[Opening Data supplied section]

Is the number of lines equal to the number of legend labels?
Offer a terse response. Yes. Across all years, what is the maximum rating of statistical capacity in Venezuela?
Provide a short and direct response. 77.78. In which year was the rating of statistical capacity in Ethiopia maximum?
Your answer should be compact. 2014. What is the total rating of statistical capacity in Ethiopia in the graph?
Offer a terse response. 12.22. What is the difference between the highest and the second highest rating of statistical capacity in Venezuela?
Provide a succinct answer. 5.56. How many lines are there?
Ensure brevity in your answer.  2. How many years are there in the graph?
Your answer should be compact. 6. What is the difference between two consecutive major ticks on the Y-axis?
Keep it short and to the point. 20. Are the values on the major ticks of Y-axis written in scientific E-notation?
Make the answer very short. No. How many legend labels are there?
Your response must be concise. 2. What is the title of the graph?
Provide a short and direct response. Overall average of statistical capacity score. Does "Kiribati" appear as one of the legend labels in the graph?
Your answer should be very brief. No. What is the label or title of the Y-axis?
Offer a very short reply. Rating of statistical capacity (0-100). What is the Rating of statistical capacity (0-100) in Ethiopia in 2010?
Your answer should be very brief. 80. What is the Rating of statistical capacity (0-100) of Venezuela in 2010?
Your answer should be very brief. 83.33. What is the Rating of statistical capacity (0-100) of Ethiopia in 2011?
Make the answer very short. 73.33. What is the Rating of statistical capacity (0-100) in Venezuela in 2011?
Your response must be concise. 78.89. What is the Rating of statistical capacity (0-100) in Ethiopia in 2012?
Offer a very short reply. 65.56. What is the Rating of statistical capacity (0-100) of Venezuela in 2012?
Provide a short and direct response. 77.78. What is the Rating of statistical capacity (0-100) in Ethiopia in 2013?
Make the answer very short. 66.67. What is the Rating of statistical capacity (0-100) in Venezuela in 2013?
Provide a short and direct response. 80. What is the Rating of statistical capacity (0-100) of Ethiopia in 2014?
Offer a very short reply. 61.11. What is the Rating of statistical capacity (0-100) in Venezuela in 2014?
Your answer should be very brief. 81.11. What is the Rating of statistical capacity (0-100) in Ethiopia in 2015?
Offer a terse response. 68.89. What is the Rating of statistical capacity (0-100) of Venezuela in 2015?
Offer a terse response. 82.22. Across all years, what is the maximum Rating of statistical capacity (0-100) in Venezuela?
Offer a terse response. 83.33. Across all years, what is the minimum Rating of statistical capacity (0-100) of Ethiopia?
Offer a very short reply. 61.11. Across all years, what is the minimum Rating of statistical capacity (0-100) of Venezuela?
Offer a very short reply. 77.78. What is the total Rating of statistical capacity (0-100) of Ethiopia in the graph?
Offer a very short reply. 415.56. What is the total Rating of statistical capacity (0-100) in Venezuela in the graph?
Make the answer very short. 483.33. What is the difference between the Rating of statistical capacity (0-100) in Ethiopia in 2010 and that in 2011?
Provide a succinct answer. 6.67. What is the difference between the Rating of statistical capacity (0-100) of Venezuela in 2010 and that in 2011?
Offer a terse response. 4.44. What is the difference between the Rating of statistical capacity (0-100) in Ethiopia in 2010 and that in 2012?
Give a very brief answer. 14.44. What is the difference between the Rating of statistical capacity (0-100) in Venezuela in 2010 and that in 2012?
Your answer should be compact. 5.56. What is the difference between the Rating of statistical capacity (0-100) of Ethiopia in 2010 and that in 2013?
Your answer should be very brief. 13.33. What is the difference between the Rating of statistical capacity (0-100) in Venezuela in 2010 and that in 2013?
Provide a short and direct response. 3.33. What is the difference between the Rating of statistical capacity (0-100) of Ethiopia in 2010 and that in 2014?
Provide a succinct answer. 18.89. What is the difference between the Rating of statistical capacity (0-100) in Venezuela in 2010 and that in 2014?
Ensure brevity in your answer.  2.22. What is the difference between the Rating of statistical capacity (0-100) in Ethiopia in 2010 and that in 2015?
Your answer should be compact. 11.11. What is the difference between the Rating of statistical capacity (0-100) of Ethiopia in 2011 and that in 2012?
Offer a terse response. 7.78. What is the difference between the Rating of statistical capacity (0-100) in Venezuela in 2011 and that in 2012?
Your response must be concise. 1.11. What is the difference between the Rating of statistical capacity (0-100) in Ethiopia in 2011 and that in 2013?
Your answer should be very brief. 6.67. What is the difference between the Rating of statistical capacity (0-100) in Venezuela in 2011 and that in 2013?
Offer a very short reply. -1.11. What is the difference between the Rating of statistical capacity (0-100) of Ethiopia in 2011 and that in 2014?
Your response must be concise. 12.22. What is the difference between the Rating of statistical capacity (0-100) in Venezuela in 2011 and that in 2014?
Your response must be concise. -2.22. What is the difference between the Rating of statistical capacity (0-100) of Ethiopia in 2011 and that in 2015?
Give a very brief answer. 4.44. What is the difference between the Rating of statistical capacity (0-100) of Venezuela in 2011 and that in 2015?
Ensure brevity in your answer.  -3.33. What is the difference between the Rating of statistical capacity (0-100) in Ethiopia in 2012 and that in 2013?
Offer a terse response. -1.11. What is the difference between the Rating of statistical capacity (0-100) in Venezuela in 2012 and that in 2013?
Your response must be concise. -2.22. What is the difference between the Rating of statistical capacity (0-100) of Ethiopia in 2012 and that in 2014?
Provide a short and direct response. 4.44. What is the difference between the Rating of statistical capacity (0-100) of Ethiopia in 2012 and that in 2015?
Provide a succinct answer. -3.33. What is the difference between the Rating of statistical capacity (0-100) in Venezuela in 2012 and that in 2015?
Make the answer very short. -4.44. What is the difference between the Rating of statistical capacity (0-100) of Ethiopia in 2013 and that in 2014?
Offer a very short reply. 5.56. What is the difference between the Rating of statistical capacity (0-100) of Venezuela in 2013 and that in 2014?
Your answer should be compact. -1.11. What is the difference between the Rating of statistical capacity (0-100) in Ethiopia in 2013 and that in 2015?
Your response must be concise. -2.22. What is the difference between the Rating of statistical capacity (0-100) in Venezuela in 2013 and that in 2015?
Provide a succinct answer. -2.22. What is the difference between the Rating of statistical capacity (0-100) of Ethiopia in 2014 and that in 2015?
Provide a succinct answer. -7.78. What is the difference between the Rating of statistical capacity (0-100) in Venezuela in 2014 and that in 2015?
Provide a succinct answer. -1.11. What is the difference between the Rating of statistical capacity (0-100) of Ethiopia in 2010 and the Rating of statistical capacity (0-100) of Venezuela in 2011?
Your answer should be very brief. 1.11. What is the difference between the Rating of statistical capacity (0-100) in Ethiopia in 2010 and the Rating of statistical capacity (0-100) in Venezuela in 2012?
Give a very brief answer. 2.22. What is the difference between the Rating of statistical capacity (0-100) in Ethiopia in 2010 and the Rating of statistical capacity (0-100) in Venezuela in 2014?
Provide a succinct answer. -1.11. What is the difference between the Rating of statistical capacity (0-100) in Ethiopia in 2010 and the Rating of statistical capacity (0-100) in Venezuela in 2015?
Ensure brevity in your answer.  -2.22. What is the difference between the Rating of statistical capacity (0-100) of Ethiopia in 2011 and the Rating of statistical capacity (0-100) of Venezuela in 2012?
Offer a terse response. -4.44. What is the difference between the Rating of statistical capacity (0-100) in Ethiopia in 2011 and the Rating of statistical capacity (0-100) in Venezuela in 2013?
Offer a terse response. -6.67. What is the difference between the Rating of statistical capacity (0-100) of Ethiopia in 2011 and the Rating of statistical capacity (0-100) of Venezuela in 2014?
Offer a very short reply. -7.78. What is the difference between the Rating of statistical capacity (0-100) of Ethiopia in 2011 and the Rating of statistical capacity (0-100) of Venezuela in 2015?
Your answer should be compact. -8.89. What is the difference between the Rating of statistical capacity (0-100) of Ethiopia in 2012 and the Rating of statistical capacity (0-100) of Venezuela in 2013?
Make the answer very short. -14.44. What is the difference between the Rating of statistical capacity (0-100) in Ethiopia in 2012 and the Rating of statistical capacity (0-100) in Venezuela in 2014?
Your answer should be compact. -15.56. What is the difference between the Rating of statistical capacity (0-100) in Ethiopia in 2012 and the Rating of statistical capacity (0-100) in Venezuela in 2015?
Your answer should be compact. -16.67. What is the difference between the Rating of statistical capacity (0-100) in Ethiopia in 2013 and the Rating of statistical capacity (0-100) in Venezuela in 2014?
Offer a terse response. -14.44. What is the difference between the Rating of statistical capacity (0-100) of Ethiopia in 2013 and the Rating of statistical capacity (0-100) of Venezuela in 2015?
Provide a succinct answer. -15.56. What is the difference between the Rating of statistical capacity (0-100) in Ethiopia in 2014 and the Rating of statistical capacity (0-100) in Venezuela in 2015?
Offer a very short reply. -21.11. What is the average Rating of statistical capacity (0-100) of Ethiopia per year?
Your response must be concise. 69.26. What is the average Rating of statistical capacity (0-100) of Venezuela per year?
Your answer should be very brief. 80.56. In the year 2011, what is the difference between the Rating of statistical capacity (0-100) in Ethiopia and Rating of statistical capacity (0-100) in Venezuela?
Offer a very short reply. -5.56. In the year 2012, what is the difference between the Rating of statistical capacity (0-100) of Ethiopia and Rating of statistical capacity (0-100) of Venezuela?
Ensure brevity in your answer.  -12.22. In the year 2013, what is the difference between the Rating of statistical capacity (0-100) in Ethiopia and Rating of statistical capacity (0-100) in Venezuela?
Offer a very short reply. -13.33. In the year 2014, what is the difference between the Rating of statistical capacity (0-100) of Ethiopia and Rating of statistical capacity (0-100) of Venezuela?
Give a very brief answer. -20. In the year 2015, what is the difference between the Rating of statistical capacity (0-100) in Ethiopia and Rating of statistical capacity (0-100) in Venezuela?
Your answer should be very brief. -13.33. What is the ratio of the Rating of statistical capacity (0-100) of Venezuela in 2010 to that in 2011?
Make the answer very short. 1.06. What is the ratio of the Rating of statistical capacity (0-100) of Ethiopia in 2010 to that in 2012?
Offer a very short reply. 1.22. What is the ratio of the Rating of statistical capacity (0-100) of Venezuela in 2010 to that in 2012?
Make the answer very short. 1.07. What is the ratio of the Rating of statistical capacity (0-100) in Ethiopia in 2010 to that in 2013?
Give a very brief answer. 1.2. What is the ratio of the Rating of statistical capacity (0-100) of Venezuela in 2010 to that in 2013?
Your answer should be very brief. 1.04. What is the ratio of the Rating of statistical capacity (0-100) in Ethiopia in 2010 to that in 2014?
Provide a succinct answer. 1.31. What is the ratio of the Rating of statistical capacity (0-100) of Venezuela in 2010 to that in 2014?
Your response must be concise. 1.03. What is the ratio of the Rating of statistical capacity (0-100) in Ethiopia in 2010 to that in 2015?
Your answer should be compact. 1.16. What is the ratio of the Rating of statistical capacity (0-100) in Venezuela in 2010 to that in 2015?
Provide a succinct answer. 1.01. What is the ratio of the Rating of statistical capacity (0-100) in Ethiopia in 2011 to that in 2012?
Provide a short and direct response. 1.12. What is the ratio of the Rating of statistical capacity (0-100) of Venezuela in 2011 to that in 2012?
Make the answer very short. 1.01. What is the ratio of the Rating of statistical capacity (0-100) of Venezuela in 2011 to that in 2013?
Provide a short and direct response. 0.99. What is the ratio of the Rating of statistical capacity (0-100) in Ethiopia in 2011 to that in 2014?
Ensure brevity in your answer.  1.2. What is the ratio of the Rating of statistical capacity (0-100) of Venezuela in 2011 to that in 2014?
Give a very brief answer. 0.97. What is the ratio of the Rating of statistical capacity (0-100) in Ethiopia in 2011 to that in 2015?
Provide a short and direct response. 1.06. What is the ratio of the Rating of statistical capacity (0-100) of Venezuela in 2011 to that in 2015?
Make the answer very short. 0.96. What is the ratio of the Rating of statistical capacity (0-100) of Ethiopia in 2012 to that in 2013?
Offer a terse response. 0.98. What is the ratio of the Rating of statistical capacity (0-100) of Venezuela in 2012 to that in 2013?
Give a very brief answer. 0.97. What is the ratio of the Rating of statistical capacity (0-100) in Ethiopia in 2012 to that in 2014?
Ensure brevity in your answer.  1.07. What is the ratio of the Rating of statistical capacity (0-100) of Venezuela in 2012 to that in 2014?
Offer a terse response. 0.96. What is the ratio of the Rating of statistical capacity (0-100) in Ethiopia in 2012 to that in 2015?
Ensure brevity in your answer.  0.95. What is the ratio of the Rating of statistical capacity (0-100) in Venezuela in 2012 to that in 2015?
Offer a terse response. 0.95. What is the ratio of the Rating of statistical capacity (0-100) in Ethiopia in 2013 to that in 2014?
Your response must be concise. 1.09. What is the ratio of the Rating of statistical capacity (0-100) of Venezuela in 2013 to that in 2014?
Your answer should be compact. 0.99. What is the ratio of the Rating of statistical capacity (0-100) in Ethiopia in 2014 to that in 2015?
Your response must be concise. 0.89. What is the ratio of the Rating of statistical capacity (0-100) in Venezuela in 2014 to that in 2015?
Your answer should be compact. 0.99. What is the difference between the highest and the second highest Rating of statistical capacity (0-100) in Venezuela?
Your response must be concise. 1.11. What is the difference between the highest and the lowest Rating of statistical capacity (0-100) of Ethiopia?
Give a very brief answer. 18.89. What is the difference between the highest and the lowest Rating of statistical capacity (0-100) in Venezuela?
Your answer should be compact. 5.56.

[Closing Data supplied section]

The task:
Which lines run from the one holding "Venezuela in 2013 and that in 2015?" through the one holding "Give a very brief answer. 2.22." in the records above? Repeat them exactly, both included, and nothing more.

Reply to the exercise:
Your response must be concise. -2.22. What is the difference between the Rating of statistical capacity (0-100) in Venezuela in 2013 and that in 2015?
Provide a succinct answer. -2.22. What is the difference between the Rating of statistical capacity (0-100) of Ethiopia in 2014 and that in 2015?
Provide a succinct answer. -7.78. What is the difference between the Rating of statistical capacity (0-100) in Venezuela in 2014 and that in 2015?
Provide a succinct answer. -1.11. What is the difference between the Rating of statistical capacity (0-100) of Ethiopia in 2010 and the Rating of statistical capacity (0-100) of Venezuela in 2011?
Your answer should be very brief. 1.11. What is the difference between the Rating of statistical capacity (0-100) in Ethiopia in 2010 and the Rating of statistical capacity (0-100) in Venezuela in 2012?
Give a very brief answer. 2.22. What is the difference between the Rating of statistical capacity (0-100) in Ethiopia in 2010 and the Rating of statistical capacity (0-100) in Venezuela in 2014?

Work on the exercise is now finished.